The output from our models, the ultimate output of our model is actually a decision as opposed to simply a forecast. I think that is like the foundational answer to your question, is that we’re taking a different algorithmic approach that is basically the inherently acknowledging of the fact that the inputs are uncertain. This really emanates from the PhD research that my co-founder Volodymyr did when he was at Stanford in the PhD program there. One of his areas of expertise is really decision making under uncertainty.
Leveraging this more frontier area of machine learning has allowed us to make really good decisions in a really uncertain environment. Again, that’s paradigmatically different from the approaches out there as supposed to just an evolutionarily better forecasting model. That’s not to say we don’t do lots of work on cleaning up the data, lots of work with our front end to prompt users and intelligently engage humans in the loop, but I think at our most core from a machine learning perspective, we’re just taking a entirely different approach to the end output of the system. Did that make sense?
[00:14:24] HC: It does. Yup. Are there any specific technological advancements that made it possible to build your technology now when it wouldn’t have been feasible a few years ago?
[00:14:34] NF: Well, I think this area of machine learning, specifically decision making under uncertainty, I think a lot of the principles have been around for a long time, but I think it’s an area that’s gained, that’s made a lot of headway in recent years. Maybe it’s not, it’s less technological advancements and we’re probably getting a little over my skis here, but more about a new frontier of knowledge and research and approach that has really started to unlock this approach to solving the problem.
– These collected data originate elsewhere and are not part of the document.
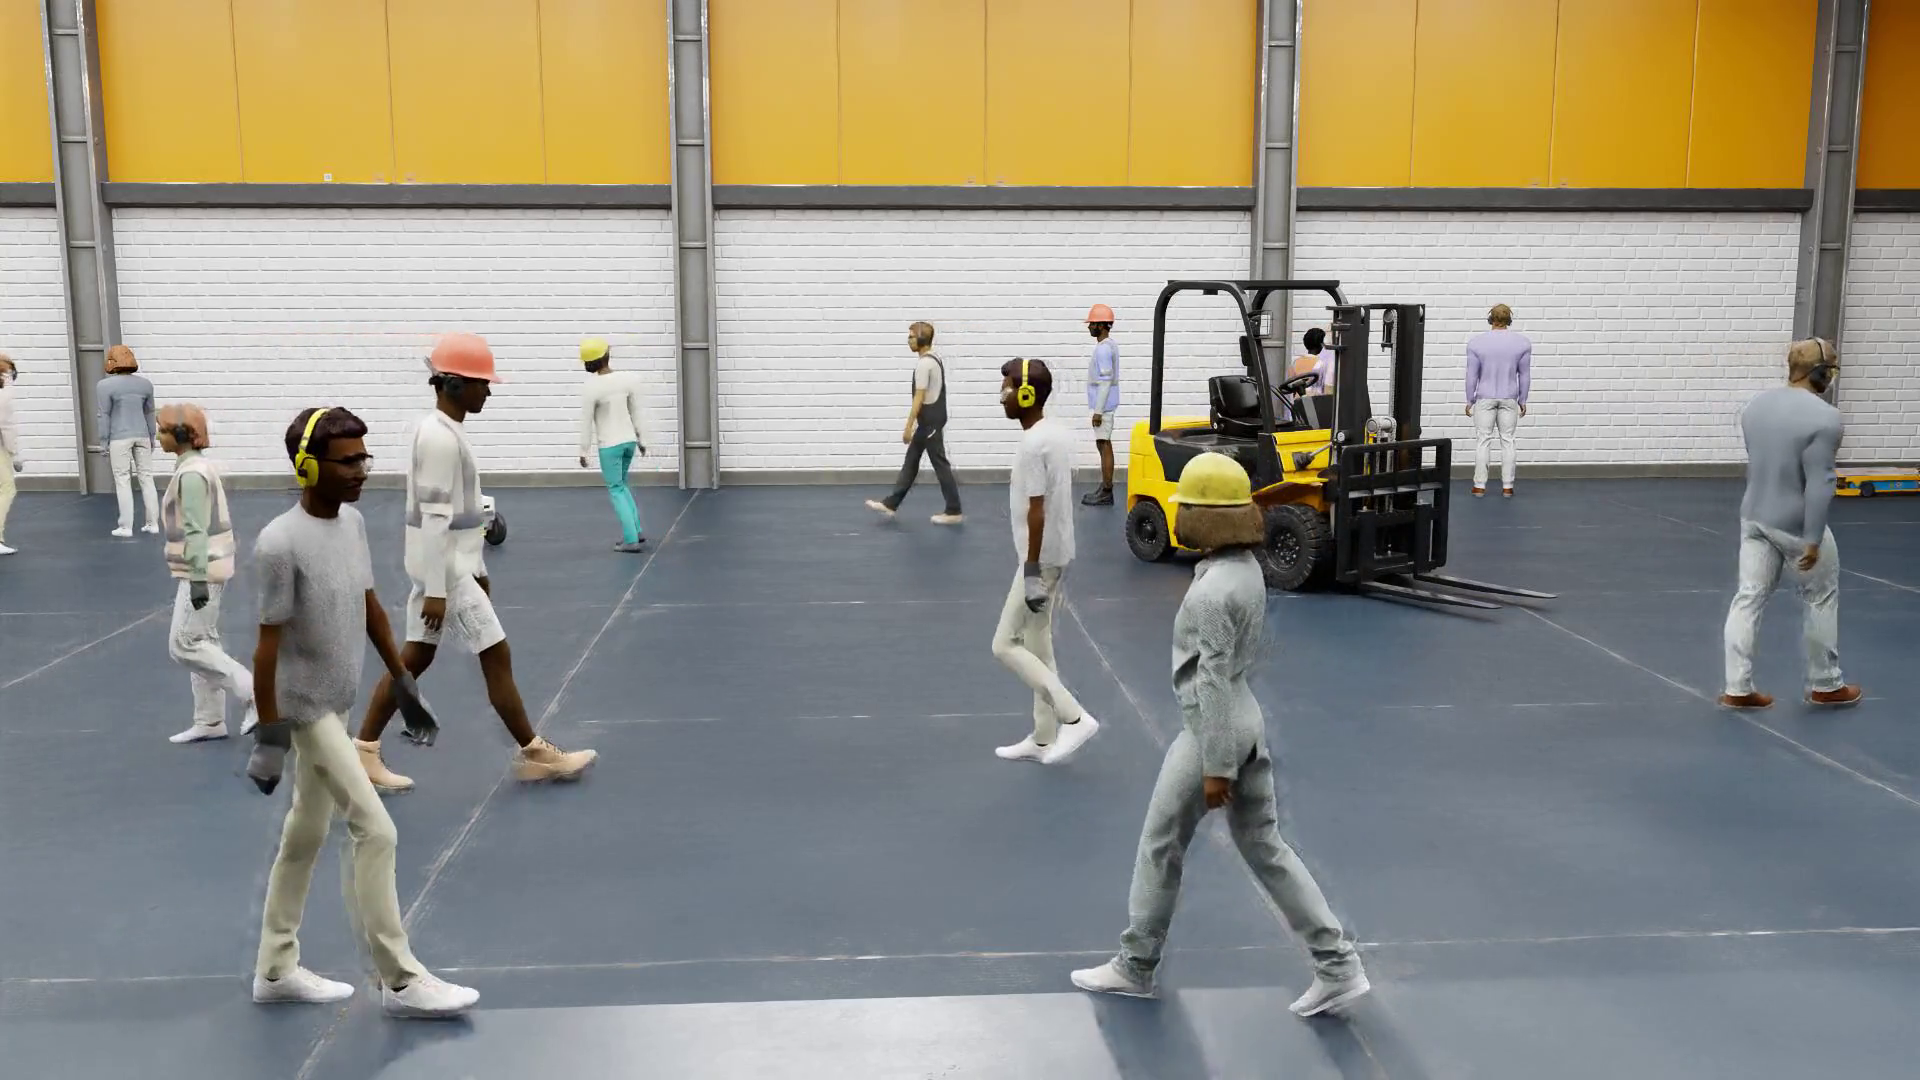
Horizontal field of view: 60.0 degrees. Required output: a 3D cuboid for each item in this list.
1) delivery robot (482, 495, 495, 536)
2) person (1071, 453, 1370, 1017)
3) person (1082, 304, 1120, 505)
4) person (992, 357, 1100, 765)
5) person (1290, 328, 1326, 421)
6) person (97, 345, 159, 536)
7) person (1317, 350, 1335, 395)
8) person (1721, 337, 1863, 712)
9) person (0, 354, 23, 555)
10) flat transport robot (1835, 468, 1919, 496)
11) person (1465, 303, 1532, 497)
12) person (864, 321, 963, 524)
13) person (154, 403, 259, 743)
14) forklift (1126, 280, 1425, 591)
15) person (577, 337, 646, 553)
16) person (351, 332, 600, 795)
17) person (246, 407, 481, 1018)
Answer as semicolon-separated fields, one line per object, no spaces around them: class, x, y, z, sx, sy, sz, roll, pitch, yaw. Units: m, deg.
delivery robot;-4.128;-0.271;13.595;0.707;0.478;0.477;8;12;39
person;0.812;0.584;4.951;0.885;1.701;0.498;4;10;24
person;1.356;-1.299;16.038;0.356;1.939;0.543;1;9;9
person;0.365;0.112;7.451;0.434;1.850;0.517;3;10;18
person;3.544;-1.297;16.809;0.320;1.690;0.529;-5;10;-30
person;-7.078;-0.844;14.163;0.290;1.623;0.493;6;11;31
person;3.408;-1.071;14.966;0.449;1.822;0.606;4;10;24
person;4.268;-0.067;8.425;0.879;1.901;0.629;-3;10;-21
person;-7.691;-0.691;13.296;0.597;1.597;0.323;7;12;39
flat transport robot;9.287;-0.600;16.867;1.431;0.197;0.652;-1;9;-9
person;5.347;-1.386;16.582;0.629;1.940;0.372;1;9;9
person;-0.398;-1.026;14.743;0.937;1.798;0.540;1;9;6
person;-3.532;0.166;7.800;0.416;1.626;0.533;-4;10;-23
forklift;2.301;-0.860;12.475;1.214;2.155;2.313;-6;11;-35
person;-2.763;-0.747;13.202;0.429;1.724;0.569;6;11;32
person;-2.173;0.111;7.083;1.093;1.976;0.616;-3;10;-18
person;-1.779;0.524;4.950;0.855;1.831;0.496;0;9;0
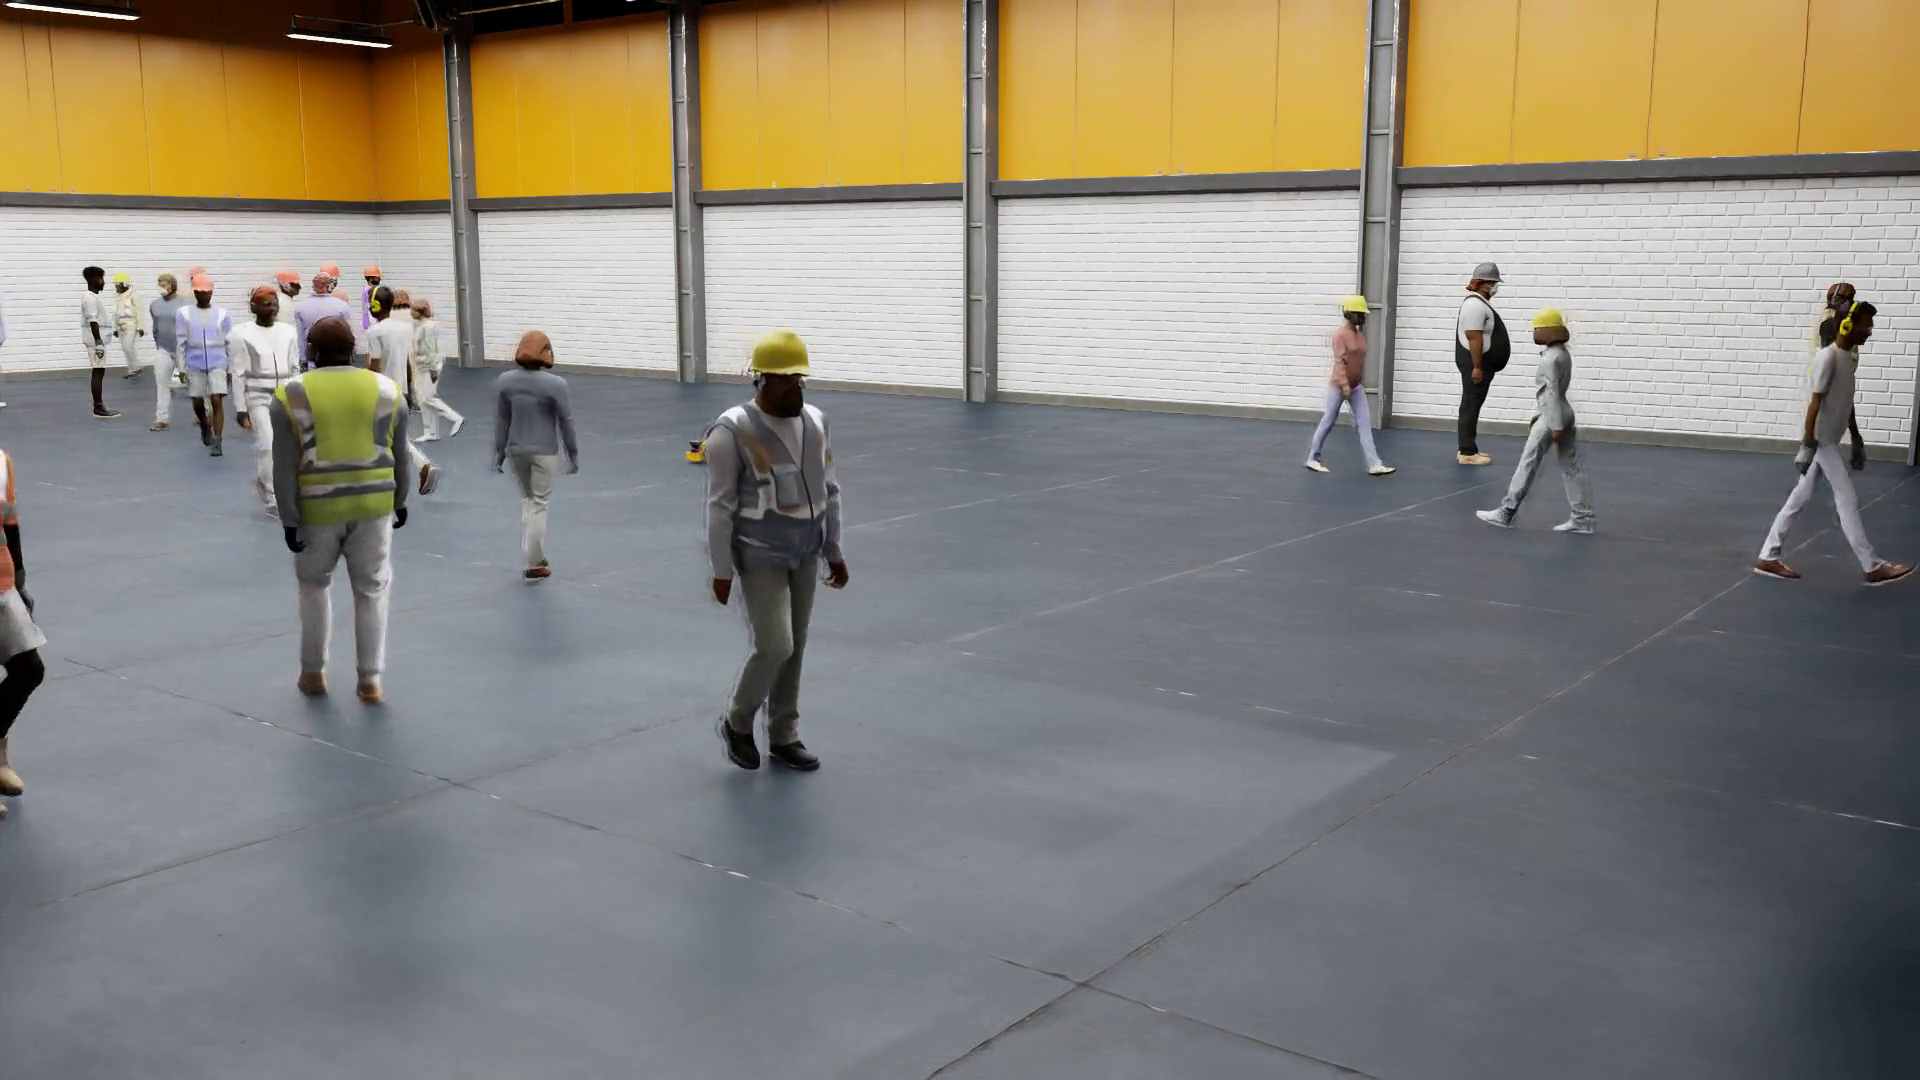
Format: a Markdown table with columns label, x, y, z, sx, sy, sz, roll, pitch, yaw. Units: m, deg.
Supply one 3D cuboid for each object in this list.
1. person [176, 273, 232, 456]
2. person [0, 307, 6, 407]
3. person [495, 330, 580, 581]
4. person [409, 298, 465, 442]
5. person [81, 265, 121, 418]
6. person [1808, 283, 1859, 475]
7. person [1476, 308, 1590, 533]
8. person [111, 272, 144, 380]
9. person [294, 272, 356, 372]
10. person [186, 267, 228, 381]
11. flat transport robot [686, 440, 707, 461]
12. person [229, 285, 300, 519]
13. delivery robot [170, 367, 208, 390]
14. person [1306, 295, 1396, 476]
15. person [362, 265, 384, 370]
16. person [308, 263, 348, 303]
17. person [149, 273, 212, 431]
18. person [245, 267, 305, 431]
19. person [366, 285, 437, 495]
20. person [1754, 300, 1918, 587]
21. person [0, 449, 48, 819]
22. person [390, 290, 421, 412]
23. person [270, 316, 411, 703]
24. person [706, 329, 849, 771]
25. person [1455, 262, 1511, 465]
| label | x | y | z | sx | sy | sz | roll | pitch | yaw |
| --- | --- | --- | --- | --- | --- | --- | --- | --- | --- |
| person | -7.965 | -1.862 | 17.597 | 0.555 | 1.923 | 0.723 | -4 | 10 | -22 |
| person | -13.423 | -2.781 | 22.982 | 0.425 | 1.915 | 0.587 | -6 | 11 | -31 |
| person | -2.732 | -0.560 | 10.880 | 0.534 | 1.610 | 0.593 | 3 | 10 | 16 |
| person | -5.915 | -1.903 | 18.691 | 0.475 | 1.619 | 0.548 | -6 | 11 | -29 |
| person | -11.165 | -2.564 | 21.547 | 0.367 | 1.967 | 0.606 | -5 | 11 | -27 |
| person | 8.381 | -1.545 | 15.986 | 0.429 | 1.839 | 0.634 | 4 | 11 | 24 |
| person | 4.422 | -0.908 | 12.680 | 0.876 | 1.702 | 0.494 | 7 | 12 | 35 |
| person | -13.980 | -3.575 | 27.871 | 0.627 | 1.813 | 0.462 | 5 | 11 | 27 |
| person | -7.159 | -2.069 | 18.844 | 0.641 | 1.908 | 0.407 | -1 | 10 | -4 |
| person | -12.135 | -3.435 | 26.805 | 0.931 | 1.896 | 0.574 | -8 | 12 | -38 |
| flat transport robot | -2.028 | -0.872 | 16.626 | 1.431 | 0.197 | 0.652 | 9 | 13 | 41 |
| person | -5.577 | -1.106 | 13.353 | 0.593 | 1.871 | 0.585 | 8 | 13 | 39 |
| delivery robot | -11.361 | -2.404 | 24.447 | 0.707 | 0.478 | 0.477 | -7 | 12 | -35 |
| person | 3.731 | -1.472 | 15.917 | 0.523 | 1.721 | 0.911 | -8 | 12 | -38 |
| person | -9.310 | -3.391 | 26.449 | 0.358 | 1.938 | 0.542 | -4 | 10 | -20 |
| person | -8.284 | -2.646 | 21.941 | 0.612 | 1.995 | 0.392 | 3 | 10 | 17 |
| person | -9.498 | -2.291 | 20.192 | 0.645 | 1.896 | 1.005 | 2 | 10 | 11 |
| person | -7.944 | -2.180 | 19.347 | 0.781 | 1.969 | 0.630 | -3 | 10 | -19 |
| person | -4.814 | -1.234 | 14.130 | 0.579 | 1.855 | 0.537 | 3 | 10 | 17 |
| person | 5.620 | -0.606 | 10.596 | 0.993 | 1.810 | 0.531 | 8 | 12 | 38 |
| person | -3.700 | 0.215 | 6.165 | 0.362 | 1.684 | 0.558 | 5 | 11 | 27 |
| person | -7.415 | -2.512 | 22.214 | 0.501 | 1.631 | 0.287 | -7 | 12 | -34 |
| person | -2.941 | -0.150 | 7.920 | 0.637 | 1.828 | 0.633 | -5 | 11 | -28 |
| person | -0.727 | 0.059 | 6.723 | 0.419 | 1.818 | 0.609 | 8 | 13 | 39 |
| person | 5.285 | -1.790 | 16.826 | 0.535 | 2.000 | 0.685 | 3 | 10 | 16 |

We’re leveraging a lot of the techniques that they’re trying to leverage in autonomous cars, right? Basically, which obviously similarly are taking a ton of inputs, all of which have a probability distribution around them and needing to make an optimal decision. Now, obviously, autonomous cars are leveraging a bunch of other inputs that are really required technological advancements, but I think my assumption would be that a lot of the pushing forward of this frontier of decision-making uncertainty has been critically enabling for us to be able to do this. Does that make sense? I think it’s more about a knowledge frontier moving forward as opposed to necessarily a specific technology, it’s not like the advent of GPUs was critically enabling for this or like a certain computer vision technique, but rather just the boundaries of our knowledge as a scientific community.
[00:15:58] HC: Yeah. Like the theory and the algorithms related to decision making under uncertainty. Yeah.
[00:16:03] NF: Exactly, right. Better said than me.
[00:16:06] HC: How do you measure the impact of your technology?
[00:16:08] NF: Yeah. That’s pretty easy. I think what’s really cool about what we do is that it’s really, really measurable, particularly when we operate pilots at our partners. So we go in and install one of our solutions and we have a set of stores, for example, who are using our solution and a set of stores that aren’t. We get to measure really, really concrete financial impact. We look at how much shrink we are avoiding, and shrink is the term they use in retail to measure food waste. We also measure how we are impacting sales.
The really, really cool thing about our technology is that by optimizing inventory levels, we actually will increase the grosser’s sales and decrease their food waste, which is I think a lot of the times in the industry, people thought that was an impossible tension that either you had to stock your shelves fuller to push sales, but if you did that, you’d increase your food waste or you had to run much more lean at the expense of sales. What we’re seeing with our technology that really optimizes inventory is that we’re able to achieve both.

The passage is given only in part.